By Junella Zhang, Features & Op-eds Associate Editor

Warning: in-depth talk about death and mentions of suicide.

Death is everywhere. It’s like when you learn a new word and suddenly it pops up on billboards and Reddit forums and casual conversations. It’s in the jokes my history professor makes on Valentine’s Day, the answers to riddles in my first-year learning community icebreaker game, the extra-credit survey for an introductory psychology course with Paul Bloom. Death is in the inhales of an animated lecturer, the murmuring laughter of the raptured audience below, the erratic coughs of a student unwilling to stay home. I can envision their lungs collapsing as they suffer from a perpetual wheeze, their heads shaved and their hands and arms flowering with purple bruises. Their teeth are coming loose. They haven’t eaten in two weeks. And still she smiles; I’m holding her hand, but really she is holding mine.

Toronto is fast-paced and ruthless for a girl hailing from the invisible backwater of Markham. It is a place filled with people of aggressive ambition and corroborated confidence, an environment exclusively curated for those who are capable of saving themselves. I thought it was perfect for me. I was starved for competition and adversity to decorate my otherwise tepid life. My grandfather passed two years ago, but that was my grandmother’s tragedy; my best friend had attempted suicide twice since the

beginning of the pandemic, but that was her story to tell. I had a morbid obsession with experiencing something uniquely distressing so that I would be justified in writing about it.

I got what I asked for.

And ever since, I have been grappling with the psychological consequences, the new philosophies that threaten to reform my first eighteen years of thought. Grief, as an excuse for offensive behaviour? Bereavement, as an equalizer of privilege? Death, as the executioner of purpose? Motherless, a state that I unintentionally manifested through the desire for a more eventful life? If I am left alone long enough in the dark and quiet dorm room, if I am in bed before sunset, if I have convinced myself that no one in the world understands, I can see myself once again in front of a massive, superheated oven with my index on the trigger. A human goes in and a powder comes out.

I’ve become clingy and sensitive and inconsolable. Sometimes I talk to no one in particular, just in case she is there to listen. Sometimes I think too much and find such fathomless complexity to every aspect of humankind that it is impossible to represent myself accurately through written word. Sometimes I want to indulge my prejudices and impulses. Sometimes I can’t fall asleep for fear of losing consciousness and never regaining it, like she did. Sometimes I feel so close to understanding death that I can see my own.

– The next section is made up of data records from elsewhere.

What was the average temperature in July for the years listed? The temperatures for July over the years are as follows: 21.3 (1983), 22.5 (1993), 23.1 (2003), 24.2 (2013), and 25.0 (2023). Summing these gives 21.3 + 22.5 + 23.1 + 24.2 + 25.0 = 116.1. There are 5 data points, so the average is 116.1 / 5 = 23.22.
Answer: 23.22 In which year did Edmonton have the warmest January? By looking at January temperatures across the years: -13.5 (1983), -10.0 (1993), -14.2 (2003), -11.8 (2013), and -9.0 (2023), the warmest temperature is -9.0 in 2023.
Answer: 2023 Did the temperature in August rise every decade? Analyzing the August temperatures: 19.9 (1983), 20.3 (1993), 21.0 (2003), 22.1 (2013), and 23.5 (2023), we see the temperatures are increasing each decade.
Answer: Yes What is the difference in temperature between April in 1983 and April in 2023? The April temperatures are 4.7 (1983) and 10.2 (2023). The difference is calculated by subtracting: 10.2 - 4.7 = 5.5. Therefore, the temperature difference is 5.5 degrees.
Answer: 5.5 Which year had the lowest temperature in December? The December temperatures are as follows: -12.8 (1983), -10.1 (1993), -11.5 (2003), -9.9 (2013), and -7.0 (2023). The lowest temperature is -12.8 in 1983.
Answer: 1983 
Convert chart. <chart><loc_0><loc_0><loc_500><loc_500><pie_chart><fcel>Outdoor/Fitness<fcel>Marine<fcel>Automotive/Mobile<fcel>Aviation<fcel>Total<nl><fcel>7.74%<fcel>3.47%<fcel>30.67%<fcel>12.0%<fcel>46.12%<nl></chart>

In times of uncertainty, I had always fallen back on the act of writing—simply the act of it, because there is a separate joy to writing unrelated to publication and readership and acclaim. Writing was my closest access to euphoria, my gateway into the profound. I prostrated myself as a vessel to the abstract spirit of Art; I worshipped it as a god. I had resolved myself to die not in peace but with a sense of urgency to continue fulfilling my artistic potential, to die with an unwritten story in mind.

Since her diagnosis last June, I have been anticipating something: a breakthrough? a masterpiece? a revolution of my verbal prowess? I had always, guiltily, allocated some of my faith to the trope of the suffering artist, and theoretically, I should now be a better writer. But I am not. With the entirely novel emotions brought about by bereavement heightening and confusing my perceptions of the world, I have realized my limitations. It is difficult to write anything when reality always supersedes fiction so that nothing is really worth saying anymore.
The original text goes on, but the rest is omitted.